The most affected universities with tuition arrears are those with high numbers of loan scheme beneficiaries; Makerere, Kyambogo, Busitema, Kabale, Ndejje, and Kampala International University (KIU).
The Observer further learnt that some universities have started writing to the Education Ministry’s permanent secretary expressing concern about the inability to run some programs for the beneficiaries due to accrued debts. One private university has already tendered in its letter that it’s choking on debts.
At least 1,250 students have completed their courses and graduated but cannot receive their transcripts to seek employment opportunities because the HESFB has not settled their tuition with the respective universities.

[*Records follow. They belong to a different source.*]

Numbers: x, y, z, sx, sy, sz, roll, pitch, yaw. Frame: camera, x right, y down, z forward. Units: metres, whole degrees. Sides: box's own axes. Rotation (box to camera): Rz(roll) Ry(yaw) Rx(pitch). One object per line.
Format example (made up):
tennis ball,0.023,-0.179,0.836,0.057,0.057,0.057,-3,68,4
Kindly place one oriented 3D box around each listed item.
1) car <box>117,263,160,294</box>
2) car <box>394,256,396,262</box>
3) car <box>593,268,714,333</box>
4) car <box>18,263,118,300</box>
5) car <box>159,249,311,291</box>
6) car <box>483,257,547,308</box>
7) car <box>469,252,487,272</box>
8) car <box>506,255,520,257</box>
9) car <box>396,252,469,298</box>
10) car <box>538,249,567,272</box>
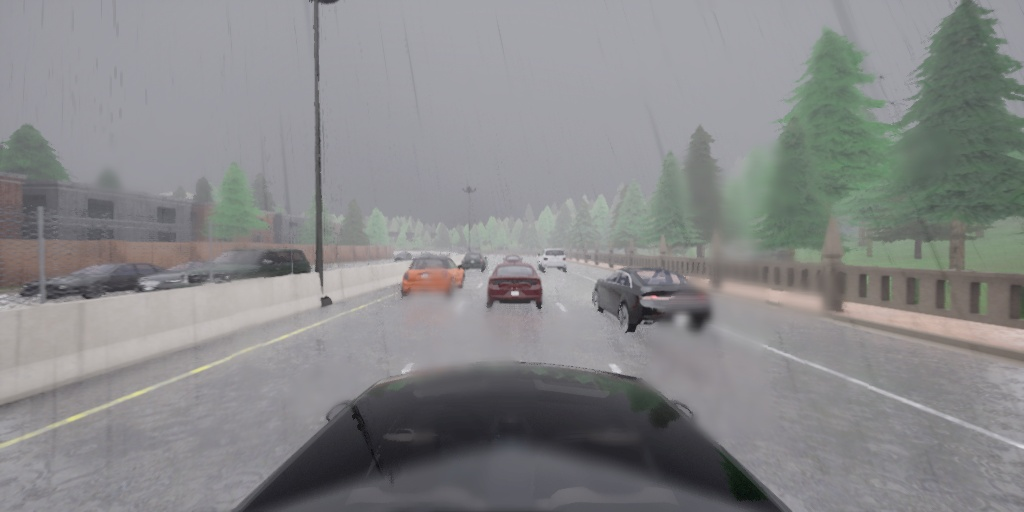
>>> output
car,-14.103,0.947,16.329,2.128,1.511,4.902,0,1,0
car,-17.558,0.115,58.133,1.837,1.490,4.892,0,1,0
car,3.595,1.074,10.002,2.128,1.511,4.902,0,1,0
car,-17.603,1.010,16.000,2.033,1.411,5.357,0,1,0
car,-10.604,0.709,14.762,2.150,2.045,5.566,0,1,0
car,0.096,0.982,13.840,1.882,1.535,5.008,0,1,0
car,-3.406,0.468,33.109,2.097,1.767,4.553,0,1,0
car,0.080,0.615,34.400,1.812,1.442,4.674,0,1,0
car,-3.404,0.807,16.342,2.097,1.767,4.553,0,1,0
car,3.595,0.349,32.513,2.150,2.045,5.566,0,1,0
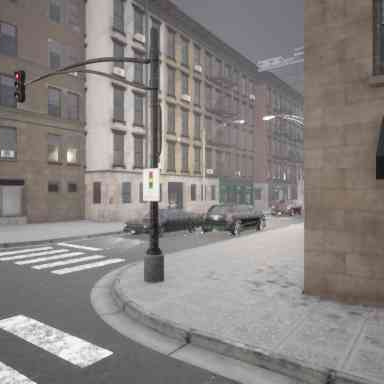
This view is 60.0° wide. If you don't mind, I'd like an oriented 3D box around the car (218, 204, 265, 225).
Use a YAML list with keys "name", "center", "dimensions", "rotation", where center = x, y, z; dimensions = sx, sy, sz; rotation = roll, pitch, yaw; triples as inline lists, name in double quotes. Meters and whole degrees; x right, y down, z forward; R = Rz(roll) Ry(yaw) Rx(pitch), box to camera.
- name: "car"
  center: [4.044, 1.696, 26.529]
  dimensions: [1.994, 1.385, 4.181]
  rotation: [0, 0, 36]

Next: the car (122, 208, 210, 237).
- name: "car"
  center: [-1.415, 1.630, 18.891]
  dimensions: [2.033, 1.411, 5.357]
  rotation: [0, 0, 35]

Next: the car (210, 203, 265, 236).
- name: "car"
  center: [2.539, 1.448, 19.482]
  dimensions: [2.097, 1.767, 4.553]
  rotation: [0, 0, 36]

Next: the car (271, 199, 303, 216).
- name: "car"
  center: [9.966, 1.538, 34.810]
  dimensions: [2.097, 1.767, 4.553]
  rotation: [0, 0, 35]
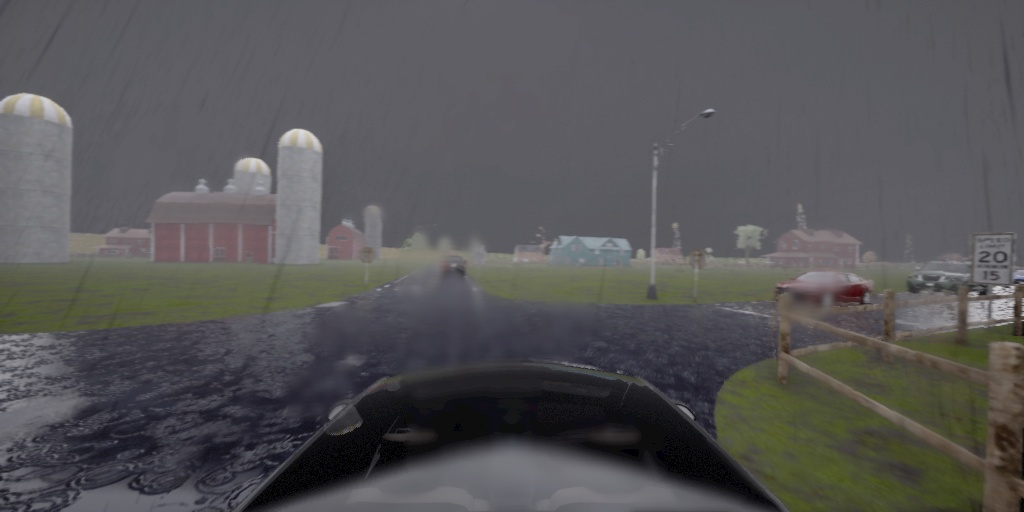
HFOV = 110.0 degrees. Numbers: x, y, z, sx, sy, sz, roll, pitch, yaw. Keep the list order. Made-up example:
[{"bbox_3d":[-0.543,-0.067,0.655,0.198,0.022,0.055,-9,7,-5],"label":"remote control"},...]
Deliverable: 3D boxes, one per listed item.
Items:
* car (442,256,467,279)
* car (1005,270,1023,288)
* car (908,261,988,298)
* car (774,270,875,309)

According to sources at universities, the non-payment by the board has forced the universities to “painfully” hold onto their academic documents yet they are supposed to repay the loans within the prescribed timeframe.
Graduates without transcripts are those who enrolled in the scheme in the academic years of 2018/19, 2019/2020, and 2020/21 – on both degree and diploma programs in science-related fields.
The current budget of the HEFB is Shs 31bn. However, the government is projected to avail only Shs 27bn to the board. Of the Shs 27bn, at least Shs 5.6bn of the total funds have been earmarked to offset some tuition debts. There are also more continuing students whose universities have never received tuition but are in their second year while others are finalists.
HESFB reports indicate that the board has disbursed about Shs 124bn in loans since inception in 2014. At least Shs 250m is being collected per quarter – up from Shs 105m. The loans are recoverable between three and 11 years depending on one’s course duration.
Wanyama has consistently noted that students repay their loans as long as they are employed. During the release of the last beneficiary list, he said the loans would soon be reported to the Credit Reference Bureau to track beneficiaries. As a result, all former beneficiaries who are not remitting monies to the board will not access loans from financial institutions.